§ **Problem to solve**
Reproduce all the lines below exactly and omit the images.

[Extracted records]
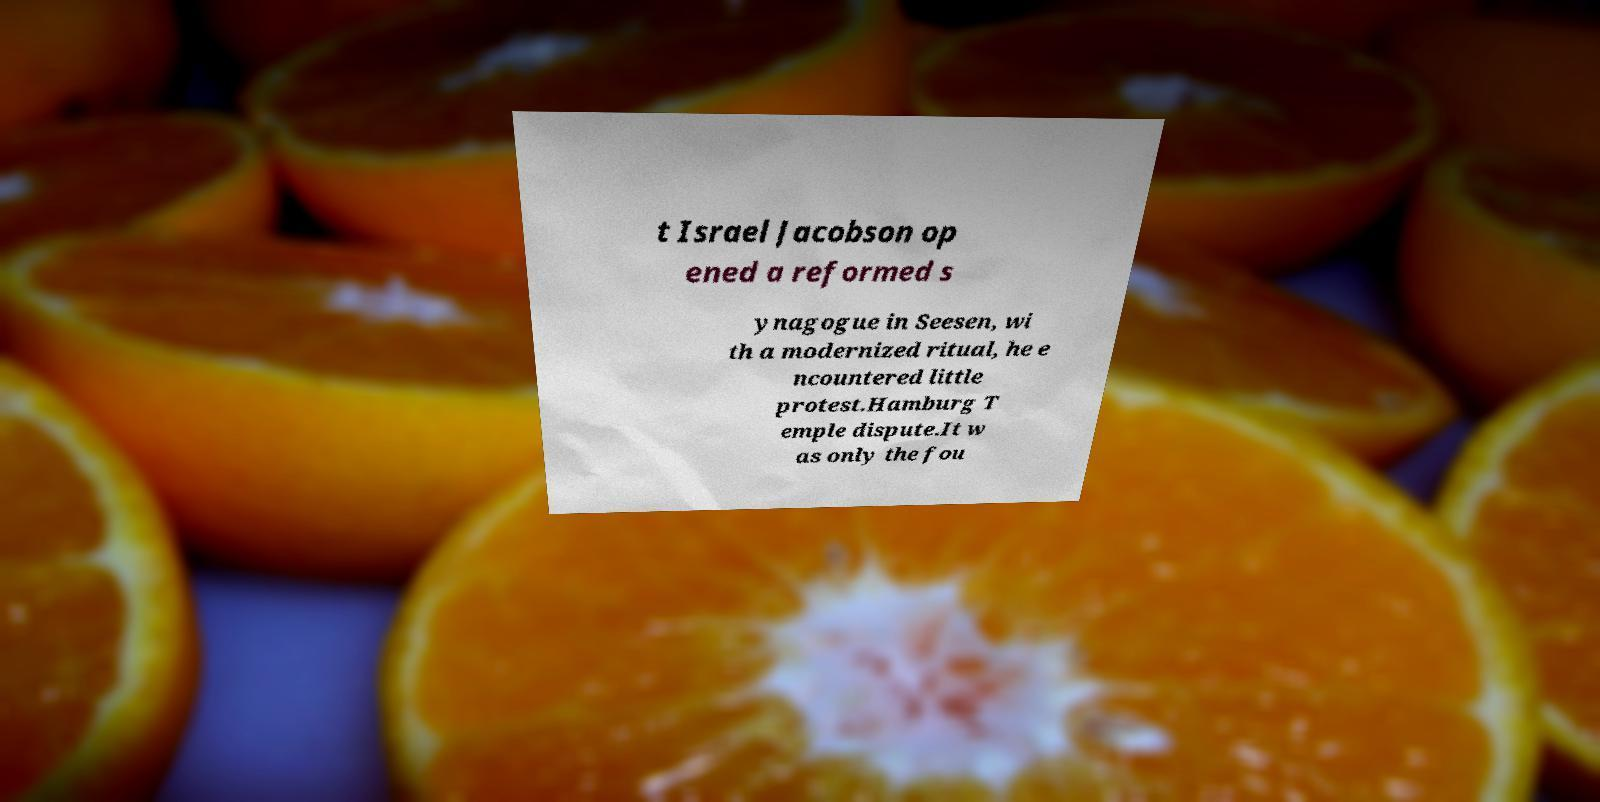I need the written content from this picture converted into text. Can you do that? t Israel Jacobson op ened a reformed s ynagogue in Seesen, wi th a modernized ritual, he e ncountered little protest.Hamburg T emple dispute.It w as only the fou 
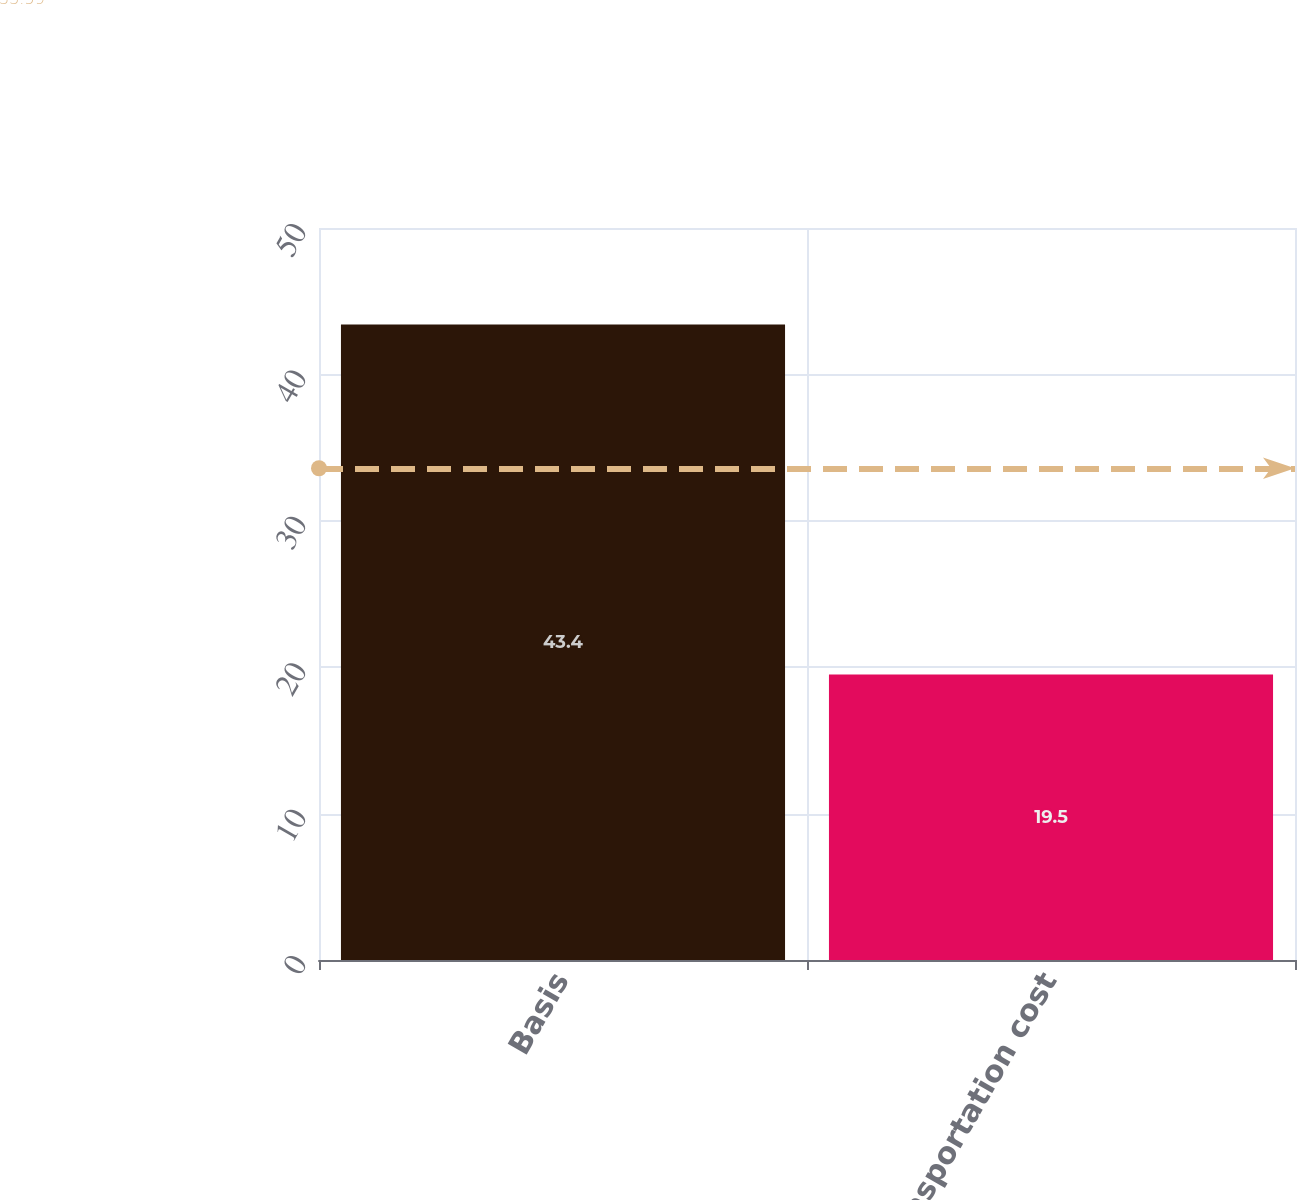Convert chart to OTSL. <chart><loc_0><loc_0><loc_500><loc_500><bar_chart><fcel>Basis<fcel>Transportation cost<nl><fcel>43.4<fcel>19.5<nl></chart> 
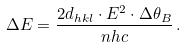<formula> <loc_0><loc_0><loc_500><loc_500>\Delta E = \frac { 2 d _ { h k l } \cdot E ^ { 2 } \cdot \Delta \theta _ { B } } { n h c } \, .</formula> 
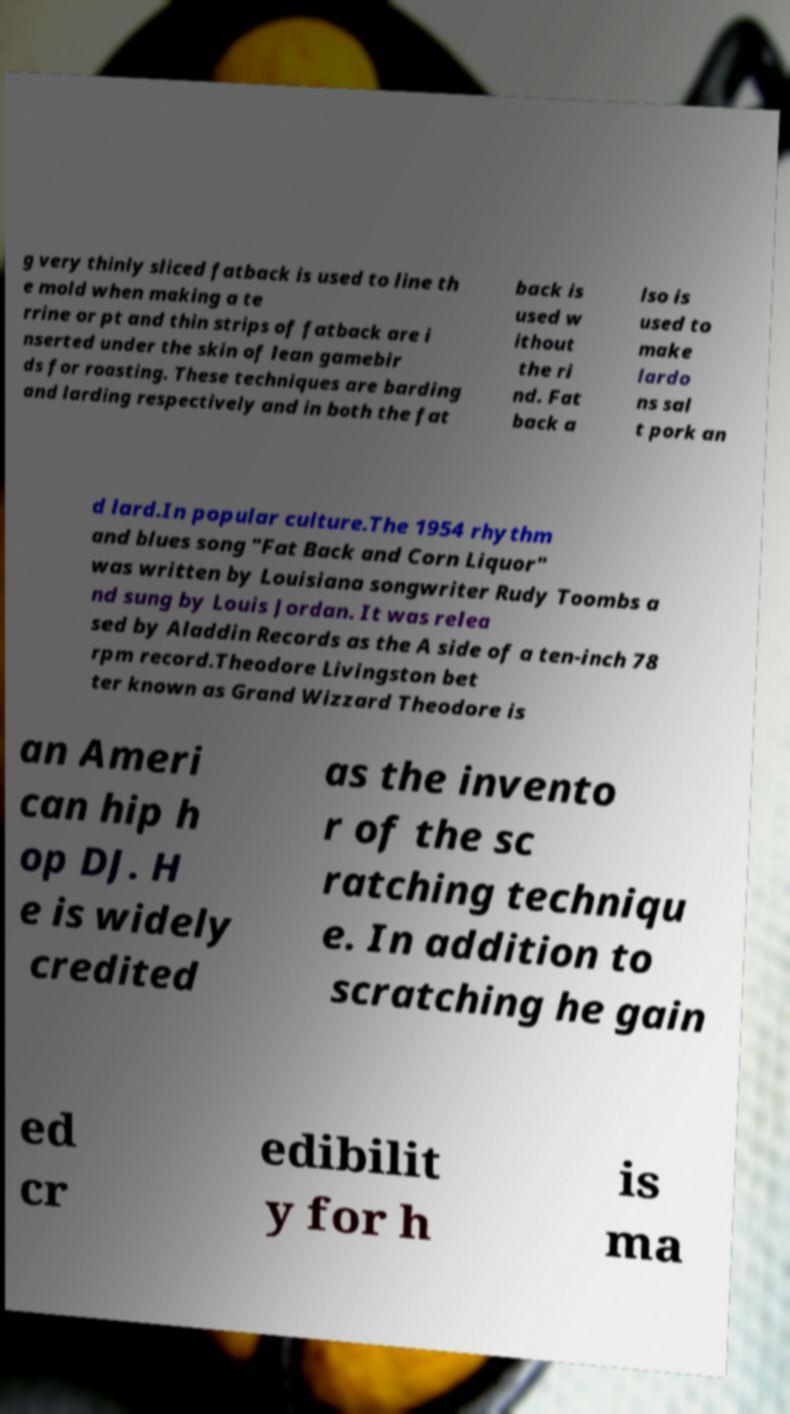Can you accurately transcribe the text from the provided image for me? g very thinly sliced fatback is used to line th e mold when making a te rrine or pt and thin strips of fatback are i nserted under the skin of lean gamebir ds for roasting. These techniques are barding and larding respectively and in both the fat back is used w ithout the ri nd. Fat back a lso is used to make lardo ns sal t pork an d lard.In popular culture.The 1954 rhythm and blues song "Fat Back and Corn Liquor" was written by Louisiana songwriter Rudy Toombs a nd sung by Louis Jordan. It was relea sed by Aladdin Records as the A side of a ten-inch 78 rpm record.Theodore Livingston bet ter known as Grand Wizzard Theodore is an Ameri can hip h op DJ. H e is widely credited as the invento r of the sc ratching techniqu e. In addition to scratching he gain ed cr edibilit y for h is ma 
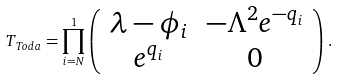Convert formula to latex. <formula><loc_0><loc_0><loc_500><loc_500>T _ { T o d a } = \prod _ { i = N } ^ { 1 } \left ( \begin{array} { c c } \lambda - \phi _ { i } & - \Lambda ^ { 2 } e ^ { - q _ { i } } \\ e ^ { q _ { i } } & 0 \end{array} \right ) .</formula> 
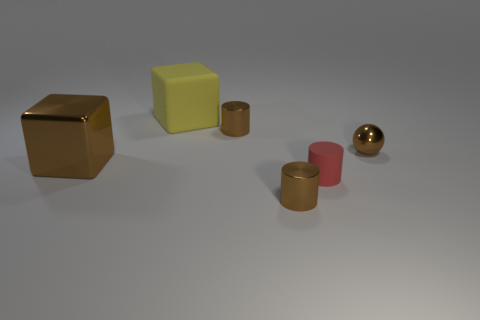Can you tell me what materials the objects in the image appear to be made from? Certainly! The objects in the image seem to be rendered to represent different materials. The cube on the left, along with the two cylinders in the center, appear to have a metallic finish, suggesting they might be made of metal. The yellow and red blocks look like they have a matte surface, possibly portraying materials like plastic or wood. 
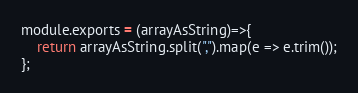<code> <loc_0><loc_0><loc_500><loc_500><_JavaScript_>module.exports = (arrayAsString)=>{
    return arrayAsString.split(",").map(e => e.trim());
};
</code> 
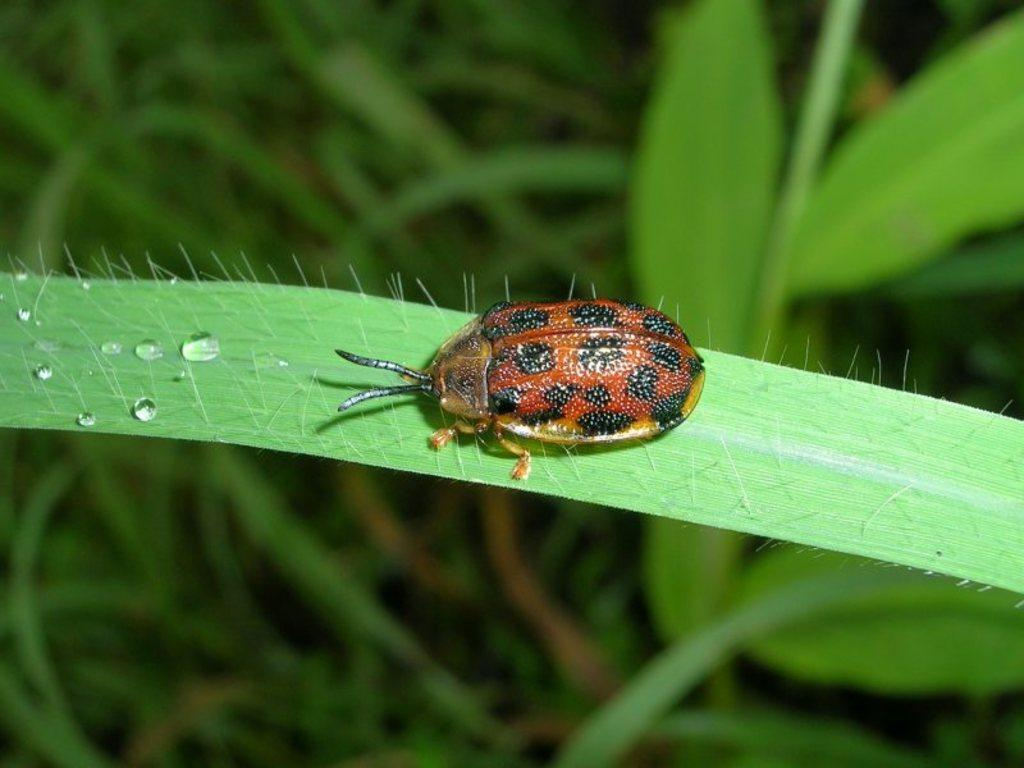What is on the leaf in the image? There is a bug on a leaf in the image. What else can be seen in the image besides the bug and leaf? There are plants visible in the image. Where is the bomb located in the image? There is no bomb present in the image. What type of hill can be seen in the background of the image? There is no hill visible in the image; it features a bug on a leaf and plants. 
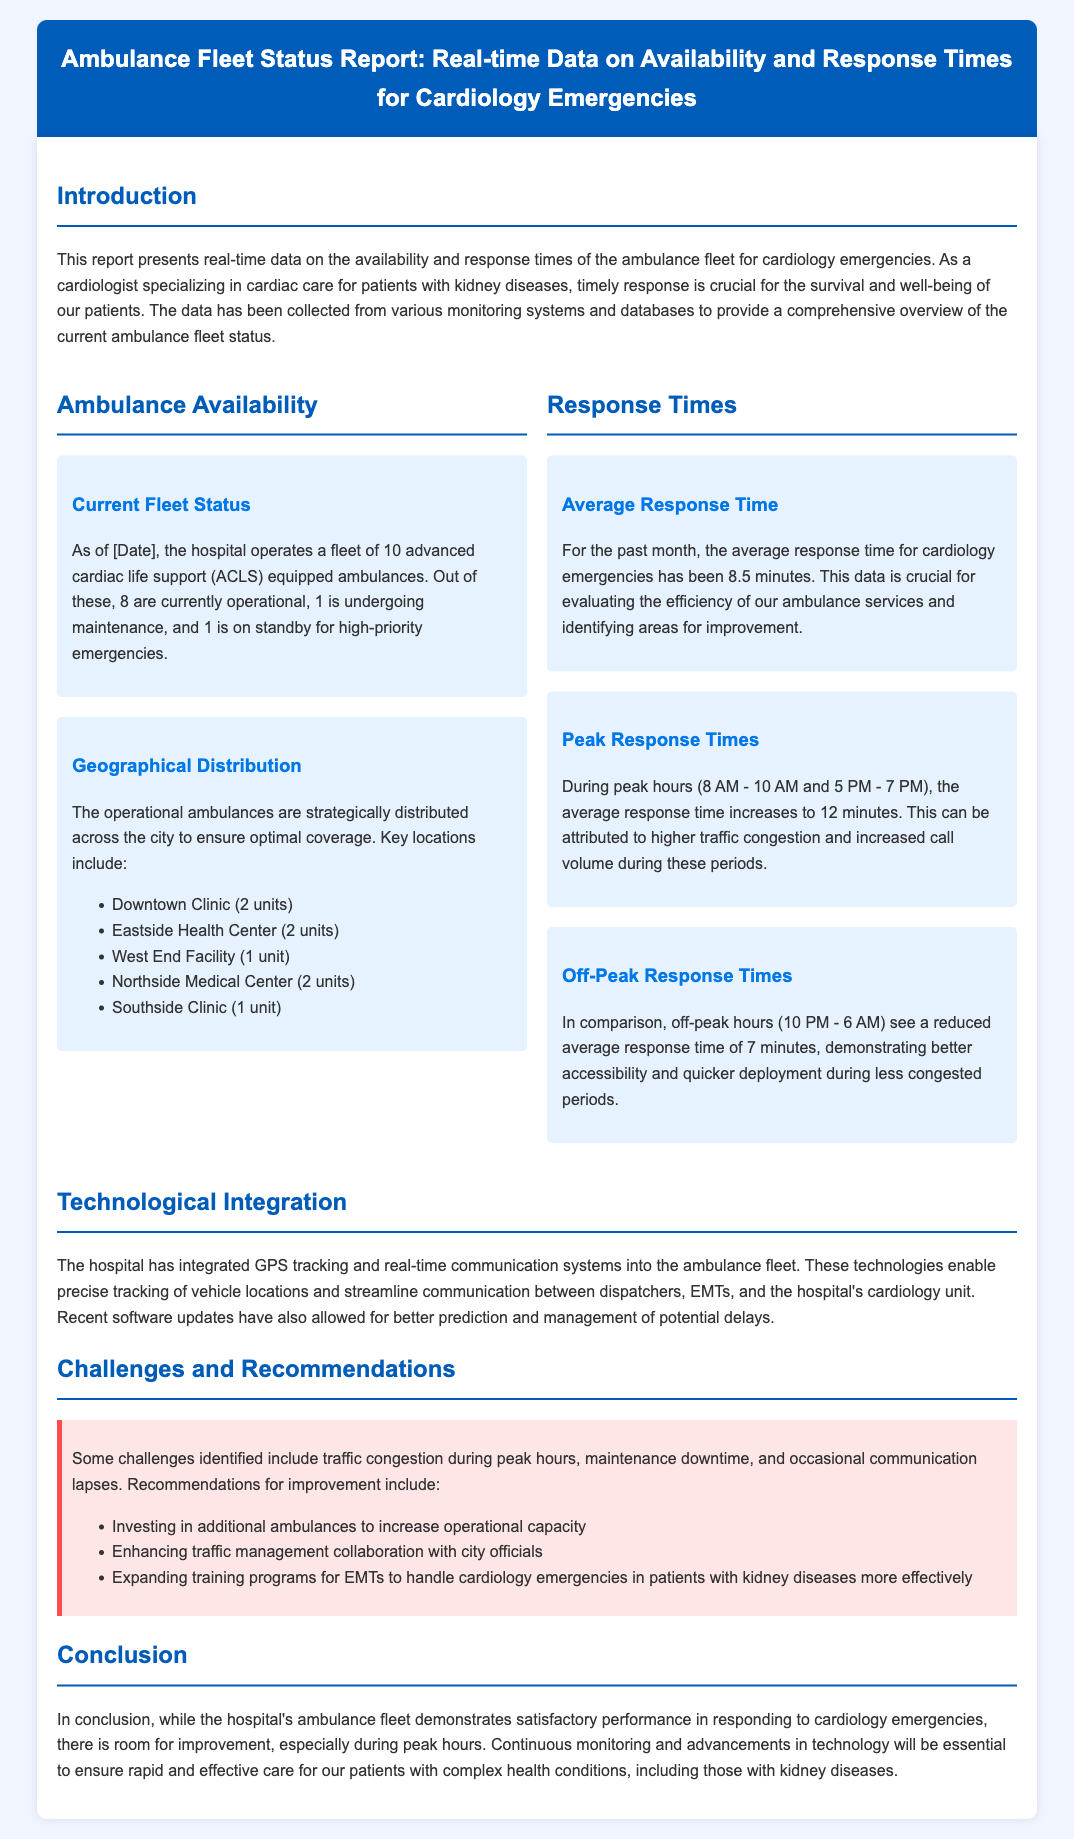What is the total number of ambulances in the fleet? The document states that the hospital operates a fleet of 10 advanced cardiac life support (ACLS) equipped ambulances.
Answer: 10 How many ambulances are operational currently? The report mentions that out of the 10 ambulances, 8 are currently operational.
Answer: 8 What is the average response time for cardiology emergencies? According to the document, the average response time for the past month has been 8.5 minutes.
Answer: 8.5 minutes What is the average response time during peak hours? The document states that during peak hours (8 AM - 10 AM and 5 PM - 7 PM), the average response time increases to 12 minutes.
Answer: 12 minutes Where is one of the ambulances located? The report lists locations where ambulances are distributed, such as Downtown Clinic, Eastside Health Center, or others.
Answer: Downtown Clinic What is one identified challenge mentioned in the report? The document highlights traffic congestion during peak hours as one of the challenges faced by the ambulance fleet.
Answer: Traffic congestion What technology has been integrated into the ambulance fleet? The report indicates that GPS tracking and real-time communication systems have been integrated into the fleet.
Answer: GPS tracking What recommendation is made to enhance ambulance service capacity? The document recommends investing in additional ambulances to increase operational capacity.
Answer: Additional ambulances What time frame is considered off-peak hours? The report indicates that off-peak hours are from 10 PM to 6 AM.
Answer: 10 PM - 6 AM 
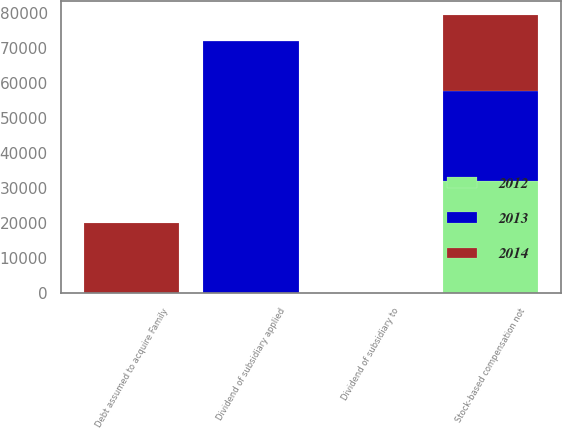Convert chart to OTSL. <chart><loc_0><loc_0><loc_500><loc_500><stacked_bar_chart><ecel><fcel>Stock-based compensation not<fcel>Debt assumed to acquire Family<fcel>Dividend of subsidiary to<fcel>Dividend of subsidiary applied<nl><fcel>2012<fcel>32203<fcel>0<fcel>0<fcel>0<nl><fcel>2013<fcel>25642<fcel>0<fcel>0<fcel>72000<nl><fcel>2014<fcel>21605<fcel>20000<fcel>0<fcel>0<nl></chart>

§ **Answer to this problem**
I need the written content from this picture converted into text. Can you do that? t Israel Jacobson op ened a reformed s ynagogue in Seesen, wi th a modernized ritual, he e ncountered little protest.Hamburg T emple dispute.It w as only the fou 
Convert chart to OTSL. <chart><loc_0><loc_0><loc_500><loc_500><bar_chart><fcel>Basis<fcel>Transportation cost<nl><fcel>43.4<fcel>19.5<nl></chart> 
<formula> <loc_0><loc_0><loc_500><loc_500>\Delta E = \frac { 2 d _ { h k l } \cdot E ^ { 2 } \cdot \Delta \theta _ { B } } { n h c } \, .</formula> 
Can you accurately transcribe the text from the provided image for me? g very thinly sliced fatback is used to line th e mold when making a te rrine or pt and thin strips of fatback are i nserted under the skin of lean gamebir ds for roasting. These techniques are barding and larding respectively and in both the fat back is used w ithout the ri nd. Fat back a lso is used to make lardo ns sal t pork an d lard.In popular culture.The 1954 rhythm and blues song "Fat Back and Corn Liquor" was written by Louisiana songwriter Rudy Toombs a nd sung by Louis Jordan. It was relea sed by Aladdin Records as the A side of a ten-inch 78 rpm record.Theodore Livingston bet ter known as Grand Wizzard Theodore is an Ameri can hip h op DJ. H e is widely credited as the invento r of the sc ratching techniqu e. In addition to scratching he gain ed cr edibilit y for h is ma 
Convert formula to latex. <formula><loc_0><loc_0><loc_500><loc_500>T _ { T o d a } = \prod _ { i = N } ^ { 1 } \left ( \begin{array} { c c } \lambda - \phi _ { i } & - \Lambda ^ { 2 } e ^ { - q _ { i } } \\ e ^ { q _ { i } } & 0 \end{array} \right ) .</formula> 
Can you tell me what materials the objects in the image appear to be made from? Certainly! The objects in the image seem to be rendered to represent different materials. The cube on the left, along with the two cylinders in the center, appear to have a metallic finish, suggesting they might be made of metal. The yellow and red blocks look like they have a matte surface, possibly portraying materials like plastic or wood. 
<code> <loc_0><loc_0><loc_500><loc_500><_JavaScript_>module.exports = (arrayAsString)=>{
    return arrayAsString.split(",").map(e => e.trim());
};
</code> 
What is on the leaf in the image? There is a bug on a leaf in the image. What else can be seen in the image besides the bug and leaf? There are plants visible in the image. Where is the bomb located in the image? There is no bomb present in the image. What type of hill can be seen in the background of the image? There is no hill visible in the image; it features a bug on a leaf and plants. 
What is the total number of ambulances in the fleet? The document states that the hospital operates a fleet of 10 advanced cardiac life support (ACLS) equipped ambulances.
Answer: 10 How many ambulances are operational currently? The report mentions that out of the 10 ambulances, 8 are currently operational.
Answer: 8 What is the average response time for cardiology emergencies? According to the document, the average response time for the past month has been 8.5 minutes.
Answer: 8.5 minutes What is the average response time during peak hours? The document states that during peak hours (8 AM - 10 AM and 5 PM - 7 PM), the average response time increases to 12 minutes.
Answer: 12 minutes Where is one of the ambulances located? The report lists locations where ambulances are distributed, such as Downtown Clinic, Eastside Health Center, or others.
Answer: Downtown Clinic What is one identified challenge mentioned in the report? The document highlights traffic congestion during peak hours as one of the challenges faced by the ambulance fleet.
Answer: Traffic congestion What technology has been integrated into the ambulance fleet? The report indicates that GPS tracking and real-time communication systems have been integrated into the fleet.
Answer: GPS tracking What recommendation is made to enhance ambulance service capacity? The document recommends investing in additional ambulances to increase operational capacity.
Answer: Additional ambulances What time frame is considered off-peak hours? The report indicates that off-peak hours are from 10 PM to 6 AM.
Answer: 10 PM - 6 AM 
Convert chart to OTSL. <chart><loc_0><loc_0><loc_500><loc_500><stacked_bar_chart><ecel><fcel>Stock-based compensation not<fcel>Debt assumed to acquire Family<fcel>Dividend of subsidiary to<fcel>Dividend of subsidiary applied<nl><fcel>2012<fcel>32203<fcel>0<fcel>0<fcel>0<nl><fcel>2013<fcel>25642<fcel>0<fcel>0<fcel>72000<nl><fcel>2014<fcel>21605<fcel>20000<fcel>0<fcel>0<nl></chart>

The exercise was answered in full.